Propranolol is classified as a non-cardioselective sympatholytic beta blocker that crosses the blood–brain barrier. It is lipid soluble and also has sodium channel blocking effects. Propranolol is a non-selective beta blocker; that is, it blocks the action of epinephrine (adrenaline) and norepinephrine (noradrenaline) at both β1- and β2-adrenergic receptors.

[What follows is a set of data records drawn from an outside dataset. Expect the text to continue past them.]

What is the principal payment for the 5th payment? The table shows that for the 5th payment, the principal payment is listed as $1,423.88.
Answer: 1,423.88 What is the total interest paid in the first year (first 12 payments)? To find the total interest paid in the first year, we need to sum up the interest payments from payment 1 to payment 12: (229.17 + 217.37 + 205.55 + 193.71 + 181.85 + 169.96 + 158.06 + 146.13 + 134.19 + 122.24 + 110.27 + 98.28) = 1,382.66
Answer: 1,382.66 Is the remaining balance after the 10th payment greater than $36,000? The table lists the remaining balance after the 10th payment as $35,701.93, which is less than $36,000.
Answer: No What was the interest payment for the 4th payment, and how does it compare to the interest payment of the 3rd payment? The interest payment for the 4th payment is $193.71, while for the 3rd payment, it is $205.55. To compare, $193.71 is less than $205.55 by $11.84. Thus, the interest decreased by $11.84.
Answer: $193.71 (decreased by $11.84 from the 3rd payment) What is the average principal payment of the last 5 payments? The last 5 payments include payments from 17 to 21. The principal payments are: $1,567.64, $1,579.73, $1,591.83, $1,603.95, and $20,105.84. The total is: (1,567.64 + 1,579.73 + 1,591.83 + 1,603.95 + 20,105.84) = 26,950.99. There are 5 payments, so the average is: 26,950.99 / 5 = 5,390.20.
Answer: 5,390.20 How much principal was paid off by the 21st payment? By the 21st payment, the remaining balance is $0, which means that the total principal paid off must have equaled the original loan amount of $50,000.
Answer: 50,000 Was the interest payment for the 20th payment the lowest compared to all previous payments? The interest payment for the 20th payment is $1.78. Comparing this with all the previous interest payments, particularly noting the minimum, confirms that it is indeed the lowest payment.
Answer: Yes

It has little intrinsic sympathomimetic activity, but has strong membrane stabilizing activity (only at high blood concentrations, e.g. overdose).[citation needed] Propranolol is able to cross the blood–brain barrier and exert effects in the central nervous system in addition to its peripheral activity.[22]

In addition to blockade of adrenergic receptors, propranolol has weak inhibitory effects on the norepinephrine transporter and/or weakly stimulates norepinephrine release (i.e., the concentration of norepinephrine is increased in the synapse).[41][42] Since propranolol blocks β-adrenoceptors, the increase in synaptic norepinephrine only results in α-adrenoceptor activation, with the α1-adrenoceptor being particularly important for effects observed in animal models.[41][42] Therefore, it can be looked upon as a weak indirect α1-adrenoceptor agonist in addition to potent β-adrenoceptor antagonist.[41][42] In addition to its effects on the adrenergic system, there is evidence that indicates that propranolol may function as an antagonist of certain serotonin receptors, namely the 5-HT1A and 5-HT1B receptors.[43][44]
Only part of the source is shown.